Climate data for Lake Lemolo, California, 1991–2023 normals, extremes 1978–present
| Month | Jan | Feb | Mar | Apr | May | Jun | Jul | Aug | Sep | Oct | Nov | Dec | Year |
| Record high °F (°C) | 63 (17) | 71 (22) | 72 (22) | 86 (30) | 97 (36) | 101 (38) | 99 (37) | 101 (38) | 101 (38) | 91 (33) | 72 (22) | 67 (19) | 101 (38) |
| Mean daily maximum °F (°C) | 41.3 (5.2) | 43.3 (6.3) | 46.9 (8.3) | 51.9 (11.1) | 62.9 (17.2) | 70.2 (21.2) | 80.7 (27.1) | 80.7 (27.1) | 73.8 (23.2) | 60.1 (15.6) | 46.6 (8.1) | 39.8 (4.3) | 57.9 (14.4) |
| Daily mean °F (°C) | 33.1 (0.6) | 34.3 (1.3) | 37.0 (2.8) | 41.0 (5.0) | 49.2 (9.6) | 55.9 (13.3) | 63.8 (17.7) | 63.4 (17.4) | 57.5 (14.2) | 47.3 (8.5) | 37.8 (3.2) | 32.2 (0.1) | 46.0 (7.8) |
| Mean daily minimum °F (°C) | 25.0 (−3.9) | 25.2 (−3.8) | 27.2 (−2.7) | 30.1 (−1.1) | 36.3 (2.4) | 41.6 (5.3) | 47.0 (8.3) | 46.1 (7.8) | 41.2 (5.1) | 34.4 (1.3) | 28.8 (−1.8) | 24.6 (−4.1) | 34.0 (1.1) |
| Record low °F (°C) | −5 (−21) | −10 (−23) | 1 (−17) | 5 (−15) | 19 (−7) | 25 (−4) | 30 (−1) | 28 (−2) | 23 (−5) | 17 (−8) | 2 (−17) | −17 (−27) | −17 (−27) |
| Average precipitation inches (mm) | 9.35 (237) | 6.79 (172) | 6.94 (176) | 6.00 (152) | 4.00 (102) | 2.49 (63) | 0.78 (20) | 0.71 (18) | 1.93 (49) | 5.00 (127) | 9.14 (232) | 11.66 (296) | 64.79 (1,644) |
| Average snowfall inches (cm) | 36.1 (92) | 37.2 (94) | 29.4 (75) | 16.3 (41) | 2.2 (5.6) | 0.1 (0.25) | 0.0 (0.0) | 0.0 (0.0) | 0.0 (0.0) | 2.7 (6.9) | 23.5 (60) | 49.1 (125) | 196.6 (499.75) |
Source: NOAA

==Recreation==

=== Summer ===
The lake is a popular camping and fishing spot during the summer months and boasts four forest service campgrounds and Lemolo Lake KOA which has RV and Tent sites and 7 full service cabins. The most popular activities during the summer include fishing for trout, swimming, hiking and water skiing. Personal watercraft are also allowed on the lake, however the marina does not offer speed-boats or jet-skis, so water skiers must provide their own.

===Health notices===
During the summer months, there can be blue-green algae blooms, which may be harmful to health. These blooms do not occur every year, nor do they occur at the same time of year. Visitors should check with the USFS for advisory warnings about water conditions before making the trip.
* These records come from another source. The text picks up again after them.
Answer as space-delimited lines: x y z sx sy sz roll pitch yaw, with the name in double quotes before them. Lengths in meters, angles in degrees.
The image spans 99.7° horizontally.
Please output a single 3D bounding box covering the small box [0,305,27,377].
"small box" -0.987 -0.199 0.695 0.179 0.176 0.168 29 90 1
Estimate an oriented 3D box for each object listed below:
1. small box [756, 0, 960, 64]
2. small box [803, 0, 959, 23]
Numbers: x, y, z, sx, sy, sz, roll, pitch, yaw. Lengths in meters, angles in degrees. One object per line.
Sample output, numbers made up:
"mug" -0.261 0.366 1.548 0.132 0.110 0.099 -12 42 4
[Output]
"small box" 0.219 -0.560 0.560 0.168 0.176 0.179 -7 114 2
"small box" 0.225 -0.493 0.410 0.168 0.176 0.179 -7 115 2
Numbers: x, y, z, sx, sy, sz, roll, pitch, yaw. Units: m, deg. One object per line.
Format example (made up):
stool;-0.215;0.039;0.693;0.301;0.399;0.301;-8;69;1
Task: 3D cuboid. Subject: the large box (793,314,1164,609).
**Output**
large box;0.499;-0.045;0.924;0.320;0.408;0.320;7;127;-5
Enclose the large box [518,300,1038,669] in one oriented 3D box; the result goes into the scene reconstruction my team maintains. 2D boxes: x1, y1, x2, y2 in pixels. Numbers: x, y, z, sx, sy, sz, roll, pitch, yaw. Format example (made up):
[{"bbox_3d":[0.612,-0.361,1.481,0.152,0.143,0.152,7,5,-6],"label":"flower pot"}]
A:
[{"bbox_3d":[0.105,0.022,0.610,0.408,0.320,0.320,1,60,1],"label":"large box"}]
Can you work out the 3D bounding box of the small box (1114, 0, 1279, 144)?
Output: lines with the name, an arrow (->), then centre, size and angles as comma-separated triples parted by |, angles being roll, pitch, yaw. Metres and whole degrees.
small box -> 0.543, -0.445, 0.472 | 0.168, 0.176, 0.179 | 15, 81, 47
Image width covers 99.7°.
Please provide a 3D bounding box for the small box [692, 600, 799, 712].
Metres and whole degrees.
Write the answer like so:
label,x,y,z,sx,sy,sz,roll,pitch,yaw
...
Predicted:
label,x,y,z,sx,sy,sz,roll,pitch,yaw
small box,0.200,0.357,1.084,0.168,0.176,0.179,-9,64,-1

Efforts have succeeded in recent years to curb the algae growth in Lemolo Lake and nearby Diamond Lake. These efforts have coincided with the removal of invasive fish species such as the Tui Chub. In 2009, the algae level was 300,000 cells per millimeter, down from the millions of cells measured in prior years.

=== Winter ===
Lemolo Lake's cabins and camping areas are open from late April-Mid October.